Summon Goblin: S-F-W
This spell creates a goblin under the control of the wizard upon whom
the spell is cast. The goblin can attack immediately and its victim can
be any any wizard or other monster the controller desires. The goblin
does 1 point of damage to its victim per turn and is destroyed after 1
point of damage is inflicted upon it.
Summon Ogre: P-S-F-W
This spell is the same as ’summon goblin’, but the ogre created
inflicts and is destroyed by 2 points of damage rather than 1.
Summon Troll: F-P-S-F-W
This spell is the same as ’summon goblin’, but the troll created
inflicts and is destroyed by 3 points of damage rather than 1.
Summon Giant: W-F-P-S-F-W
This spell is the same as ’summon goblin’, but the giant created
inflicts and is destroyed by 4 points of damage rather than 1.
Summon Elemental: (c-S-W-W-S
This spell creates either a fire elemental or an ice elemental, at the
discretion of the wizard upon whom the spell is cast (after he has seen
all the gestures made that turn.)
Elementals must be cast at someone and cannot be "shot off" harmlessly
at some inanimate object. The elemental will, for that turn and until
destroyed, attack everyone (including its owner, and other monsters),
causing 3 points of damage per turn. Only wizards and monsters who are
resistant to the elemental’s element (heat or cold), or who have a
’shield’ or a spell with a ’shield’ effect, are safe. The elemental
takes 3 points of damage to be killed but may be destroyed by spells of
the opposite type (e.g. ’fire storm’, ’resist cold’ or ’fireball’ will
kill an ice elemental), and will also neutralize the cancelling spell.
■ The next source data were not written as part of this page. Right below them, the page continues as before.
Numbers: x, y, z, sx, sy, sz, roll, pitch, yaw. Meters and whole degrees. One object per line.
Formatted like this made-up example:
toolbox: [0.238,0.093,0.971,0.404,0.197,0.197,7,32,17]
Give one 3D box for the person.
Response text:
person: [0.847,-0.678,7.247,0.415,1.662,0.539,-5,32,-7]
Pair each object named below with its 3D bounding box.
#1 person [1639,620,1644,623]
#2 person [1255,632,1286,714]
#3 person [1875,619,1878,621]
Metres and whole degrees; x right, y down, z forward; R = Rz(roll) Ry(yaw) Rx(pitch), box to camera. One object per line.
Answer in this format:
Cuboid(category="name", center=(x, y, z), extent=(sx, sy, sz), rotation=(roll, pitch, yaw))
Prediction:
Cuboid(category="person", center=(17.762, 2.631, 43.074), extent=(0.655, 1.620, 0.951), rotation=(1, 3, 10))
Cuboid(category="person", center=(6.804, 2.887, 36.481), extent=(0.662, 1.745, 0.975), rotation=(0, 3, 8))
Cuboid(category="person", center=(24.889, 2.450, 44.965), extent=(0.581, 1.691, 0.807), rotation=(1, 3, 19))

Elementals will not attack on the turn they are destroyed by such a
spell. An elemental will also be engulfed and destroyed by a storm of
its own type but, in such an event, the storm is not neutralized
although the elemental still does not attack in that turn. Two
elementals of the opposite type will also destroy each other before
attacking, and two of the same type will join together to form a single
elemental of normal strength. If there are two opposite storms and an
elemental, or two opposite elementals and one or two storms, all storms
and elementals cancel each other out.
This spell creates a material object of hard substance which is hurled
towards the subject of the spell and causes him 1 point of damage. The
spell is thwarted by a ’shield’ in addition to the usual ’counter-
spell’, ’dispel magic’ and ’magic mirror’ (the latter causing it to hit
whoever cast it instead).
Finger of Death: P-W-P-F-S-S-S-D
Kills the subject stone dead. This spell is so powerful that it is
unaffected by a ’counter-spell’, although a ’dispel magic’ spell cast
upon the final gesture will stop it. The usual way to prevent being
harmed by this spell is to disrupt it during casting -- using an ’anti-
spell’, for example.
Lightning Bolt: D-F-F-D-D or W-D-D-(c
The subject of this spell is hit by a bolt of lightning and sustains 5
points of damage. Resistance to heat or cold is irrelevant. There are
two gesture combinations for the spell, but the shorter one may be used
only once per battle by any wizard. The longer one may be used without
restriction. A ’shield’ spell offers no defence.
Cause Light Wounds: W-F-P
The subject of this spell is inflicted with 2 points of damage.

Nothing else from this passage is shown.